Available records:
####

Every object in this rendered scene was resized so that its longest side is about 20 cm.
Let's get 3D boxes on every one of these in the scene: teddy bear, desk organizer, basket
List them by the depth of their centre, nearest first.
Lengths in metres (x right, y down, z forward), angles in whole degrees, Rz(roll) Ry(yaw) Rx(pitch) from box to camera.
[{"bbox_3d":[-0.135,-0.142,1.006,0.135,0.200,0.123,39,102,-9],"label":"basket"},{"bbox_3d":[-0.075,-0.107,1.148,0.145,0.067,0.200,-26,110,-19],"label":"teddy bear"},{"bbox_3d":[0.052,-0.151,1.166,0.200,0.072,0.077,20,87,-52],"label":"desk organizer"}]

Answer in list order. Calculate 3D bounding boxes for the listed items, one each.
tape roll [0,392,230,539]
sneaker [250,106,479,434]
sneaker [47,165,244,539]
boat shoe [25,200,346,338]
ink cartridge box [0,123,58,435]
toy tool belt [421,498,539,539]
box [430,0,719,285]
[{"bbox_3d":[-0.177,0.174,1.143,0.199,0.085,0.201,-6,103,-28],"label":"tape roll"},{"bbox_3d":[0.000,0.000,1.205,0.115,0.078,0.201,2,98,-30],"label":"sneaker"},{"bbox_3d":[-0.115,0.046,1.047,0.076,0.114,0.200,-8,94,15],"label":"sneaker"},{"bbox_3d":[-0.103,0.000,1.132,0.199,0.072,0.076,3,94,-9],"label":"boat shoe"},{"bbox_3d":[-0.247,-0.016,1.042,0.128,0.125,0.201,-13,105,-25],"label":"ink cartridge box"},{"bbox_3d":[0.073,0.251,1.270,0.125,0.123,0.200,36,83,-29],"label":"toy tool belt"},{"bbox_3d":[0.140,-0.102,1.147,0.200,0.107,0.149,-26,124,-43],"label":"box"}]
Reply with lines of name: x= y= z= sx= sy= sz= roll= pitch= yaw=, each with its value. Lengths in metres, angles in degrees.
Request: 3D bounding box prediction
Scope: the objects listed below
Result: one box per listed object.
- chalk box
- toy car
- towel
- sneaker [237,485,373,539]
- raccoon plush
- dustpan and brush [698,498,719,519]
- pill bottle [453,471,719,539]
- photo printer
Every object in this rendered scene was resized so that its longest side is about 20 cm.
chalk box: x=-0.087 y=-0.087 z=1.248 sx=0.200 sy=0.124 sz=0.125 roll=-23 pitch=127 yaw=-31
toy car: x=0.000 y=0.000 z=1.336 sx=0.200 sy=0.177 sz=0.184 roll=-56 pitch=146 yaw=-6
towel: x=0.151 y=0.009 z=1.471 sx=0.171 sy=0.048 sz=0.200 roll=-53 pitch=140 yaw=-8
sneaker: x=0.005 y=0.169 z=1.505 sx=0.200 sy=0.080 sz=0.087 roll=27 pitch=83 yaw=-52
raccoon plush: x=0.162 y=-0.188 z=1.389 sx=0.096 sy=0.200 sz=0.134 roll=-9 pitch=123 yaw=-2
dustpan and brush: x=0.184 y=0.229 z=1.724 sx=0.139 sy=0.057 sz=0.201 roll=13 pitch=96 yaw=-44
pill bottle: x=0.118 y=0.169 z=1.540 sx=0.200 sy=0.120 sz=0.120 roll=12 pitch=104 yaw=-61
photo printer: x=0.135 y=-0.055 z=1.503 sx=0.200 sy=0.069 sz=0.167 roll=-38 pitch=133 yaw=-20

####

Instructions to follow:
Set down nothing but the lines from the one with "- photo printer" through the end of the records, keeping each line exactly as written and including both ends.

Solution for this task:
- photo printer
Every object in this rendered scene was resized so that its longest side is about 20 cm.
chalk box: x=-0.087 y=-0.087 z=1.248 sx=0.200 sy=0.124 sz=0.125 roll=-23 pitch=127 yaw=-31
toy car: x=0.000 y=0.000 z=1.336 sx=0.200 sy=0.177 sz=0.184 roll=-56 pitch=146 yaw=-6
towel: x=0.151 y=0.009 z=1.471 sx=0.171 sy=0.048 sz=0.200 roll=-53 pitch=140 yaw=-8
sneaker: x=0.005 y=0.169 z=1.505 sx=0.200 sy=0.080 sz=0.087 roll=27 pitch=83 yaw=-52
raccoon plush: x=0.162 y=-0.188 z=1.389 sx=0.096 sy=0.200 sz=0.134 roll=-9 pitch=123 yaw=-2
dustpan and brush: x=0.184 y=0.229 z=1.724 sx=0.139 sy=0.057 sz=0.201 roll=13 pitch=96 yaw=-44
pill bottle: x=0.118 y=0.169 z=1.540 sx=0.200 sy=0.120 sz=0.120 roll=12 pitch=104 yaw=-61
photo printer: x=0.135 y=-0.055 z=1.503 sx=0.200 sy=0.069 sz=0.167 roll=-38 pitch=133 yaw=-20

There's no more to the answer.